Debian GNU/Linux Extended LTS has received important security updates for several packages, including LibRabbitMQ, Intel-Microcode, FFMpeg, and Ruby. These updates are aimed at enhancing system security across various Debian versions.
Debian GNU/Linux 8 (Jessie) ELTS:
- ELA-1363-1: A security update for librabbitmq, which addresses vulnerabilities that could lead to credential visibility issues when using command-line tools.
Debian GNU/Linux 8 (Jessie), 9 (Stretch), and 10 (Buster) ELTS:
- ELA-1364-1: Intel-microcode security updates that fix multiple vulnerabilities in Intel processors, which could allow local privilege escalation, denial of service, or information disclosure.

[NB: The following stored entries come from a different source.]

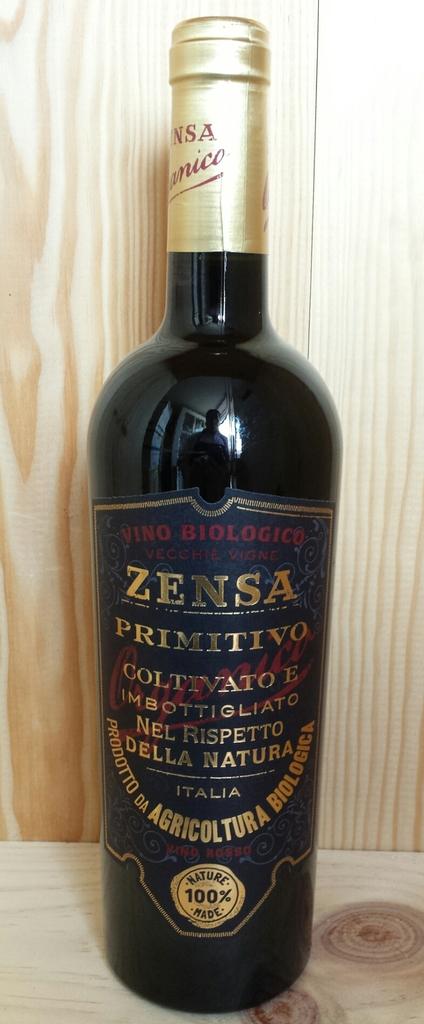What brand of wine is this?
Provide a succinct answer. Zensa. 
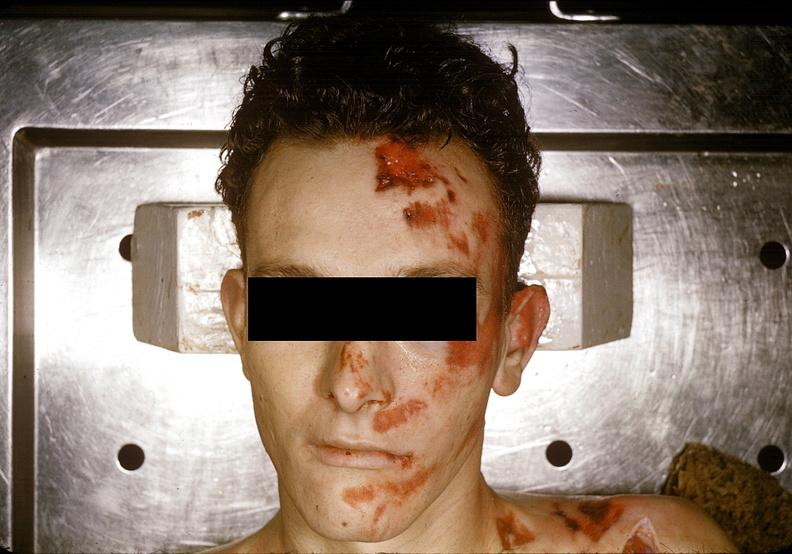does this image show head and face, severe trauma, contusion, lacerations, abrasions?
Answer the question using a single word or phrase. Yes 
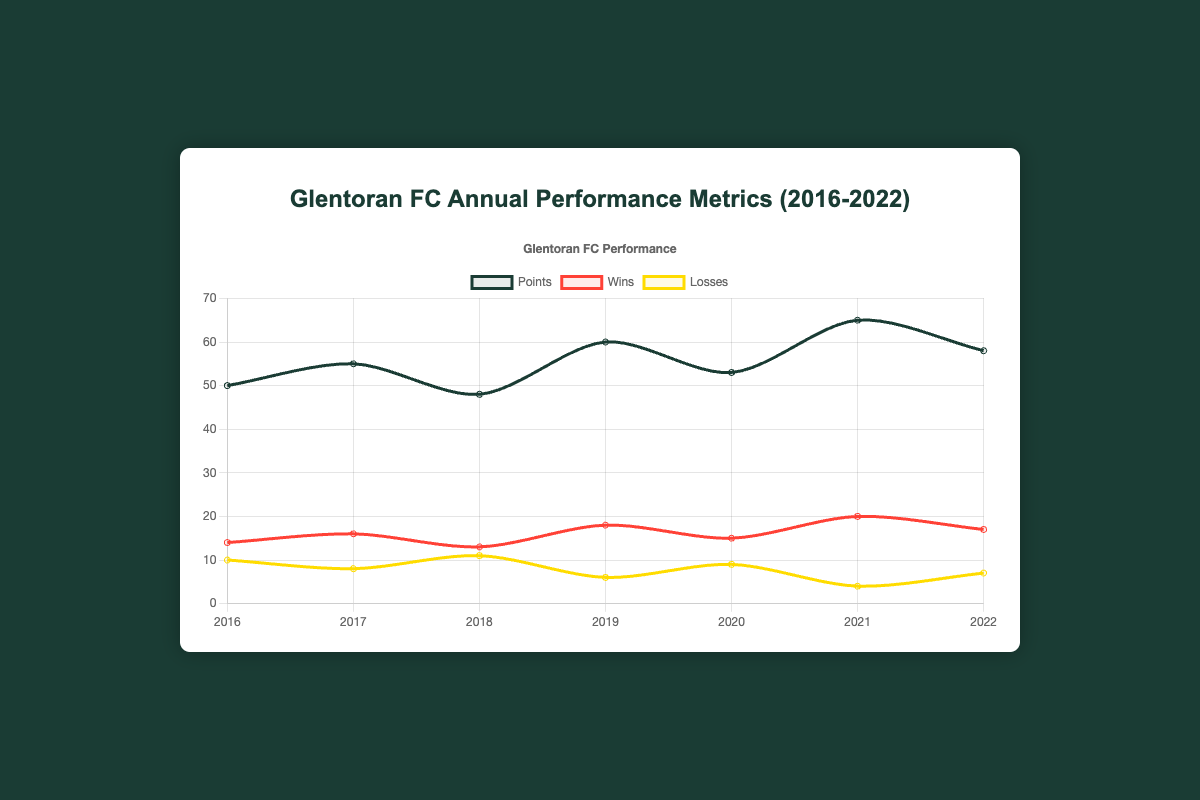Which year did Glentoran FC achieve the highest points? The line chart indicates that the highest points were achieved in 2021, with the 'Points' line peaking at 65.
Answer: 2021 In which year did Glentoran FC have the fewest wins? The 'Wins' line shows the lowest point in 2018, where it dropped to 13.
Answer: 2018 How many points did Glentoran FC score on average from 2016 to 2022? Sum the points for each year (50 + 55 + 48 + 60 + 53 + 65 + 58 = 389) and divide by the number of years (7). Average = 389 / 7 = 55.57
Answer: 55.57 Which year saw the largest difference between wins and losses for Glentoran FC? Calculate the difference between wins and losses for each year and identify the largest: 
2016: 14-10=4, 
2017: 16-8=8, 
2018: 13-11=2,
2019: 18-6=12,
2020: 15-9=6,
2021: 20-4=16,
2022: 17-7=10. The largest difference is in 2021, with a difference of 16.
Answer: 2021 Did Glentoran FC have more wins or losses in 2017? By how much? In 2017, they had 16 wins and 8 losses. The difference is calculated as 16 - 8 = 8.
Answer: More wins by 8 Compare the trend of the 'Points' line and the 'Wins' line from 2019 to 2021. What do you observe? From 2019 to 2021, both 'Points' and 'Wins' lines display an increasing trend. Points increased from 60 to 65, and Wins increased from 18 to 20.
Answer: Increasing trend Is there any year in which Glentoran FC had the same amount of wins and losses? By comparing the 'Wins' and 'Losses' lines for each year, it is clear that no year had the same amount of wins and losses.
Answer: No Between 2020 and 2021, did the number of losses increase or decrease, and by how much? The 'Losses' line shows that it decreased from 9 in 2020 to 4 in 2021, a difference of 5.
Answer: Decreased by 5 What color is used to represent the 'Losses' data in the chart? The 'Losses' line is depicted in yellow.
Answer: Yellow 
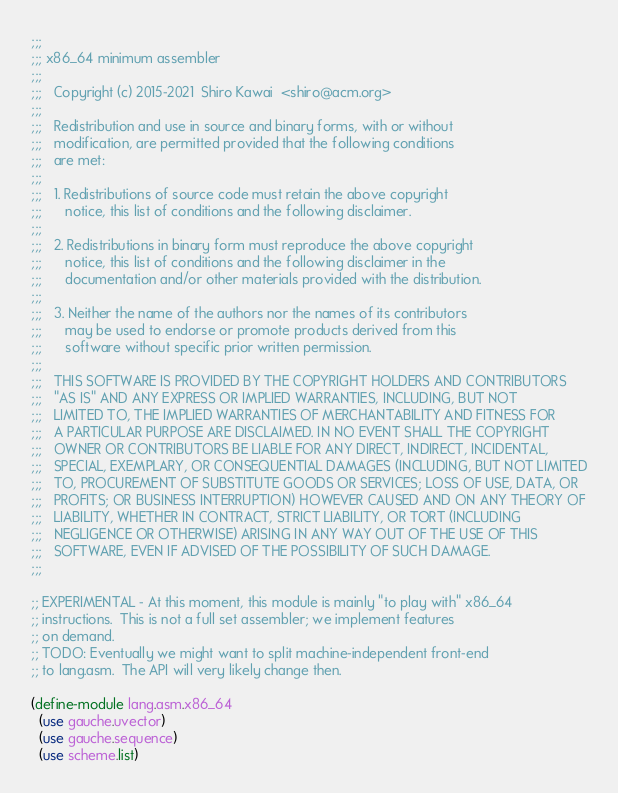<code> <loc_0><loc_0><loc_500><loc_500><_Scheme_>;;;
;;; x86_64 minimum assembler
;;;
;;;   Copyright (c) 2015-2021  Shiro Kawai  <shiro@acm.org>
;;;
;;;   Redistribution and use in source and binary forms, with or without
;;;   modification, are permitted provided that the following conditions
;;;   are met:
;;;
;;;   1. Redistributions of source code must retain the above copyright
;;;      notice, this list of conditions and the following disclaimer.
;;;
;;;   2. Redistributions in binary form must reproduce the above copyright
;;;      notice, this list of conditions and the following disclaimer in the
;;;      documentation and/or other materials provided with the distribution.
;;;
;;;   3. Neither the name of the authors nor the names of its contributors
;;;      may be used to endorse or promote products derived from this
;;;      software without specific prior written permission.
;;;
;;;   THIS SOFTWARE IS PROVIDED BY THE COPYRIGHT HOLDERS AND CONTRIBUTORS
;;;   "AS IS" AND ANY EXPRESS OR IMPLIED WARRANTIES, INCLUDING, BUT NOT
;;;   LIMITED TO, THE IMPLIED WARRANTIES OF MERCHANTABILITY AND FITNESS FOR
;;;   A PARTICULAR PURPOSE ARE DISCLAIMED. IN NO EVENT SHALL THE COPYRIGHT
;;;   OWNER OR CONTRIBUTORS BE LIABLE FOR ANY DIRECT, INDIRECT, INCIDENTAL,
;;;   SPECIAL, EXEMPLARY, OR CONSEQUENTIAL DAMAGES (INCLUDING, BUT NOT LIMITED
;;;   TO, PROCUREMENT OF SUBSTITUTE GOODS OR SERVICES; LOSS OF USE, DATA, OR
;;;   PROFITS; OR BUSINESS INTERRUPTION) HOWEVER CAUSED AND ON ANY THEORY OF
;;;   LIABILITY, WHETHER IN CONTRACT, STRICT LIABILITY, OR TORT (INCLUDING
;;;   NEGLIGENCE OR OTHERWISE) ARISING IN ANY WAY OUT OF THE USE OF THIS
;;;   SOFTWARE, EVEN IF ADVISED OF THE POSSIBILITY OF SUCH DAMAGE.
;;;

;; EXPERIMENTAL - At this moment, this module is mainly "to play with" x86_64
;; instructions.  This is not a full set assembler; we implement features
;; on demand.
;; TODO: Eventually we might want to split machine-independent front-end
;; to lang.asm.  The API will very likely change then.

(define-module lang.asm.x86_64
  (use gauche.uvector)
  (use gauche.sequence)
  (use scheme.list)</code>

Debian GNU/Linux 9 (Stretch) ELTS:
- ELA-1360-1: FFMpeg security update that addresses issues related to out-of-bounds reads, assertion errors, and NULL pointer dereferences.
- ELA-1330-1: Ruby 2.3 security update that addresses multiple vulnerabilities, particularly in the REXML gem, which can lead to Denial of Service (DoS) under certain conditions.
Debian GNU/Linux 9 (Stretch) and 10 (Buster) ELTS:
- ELA-1362-1: Another security update for librabbitmq, addressing issues related to heap memory corruption and credential visibility.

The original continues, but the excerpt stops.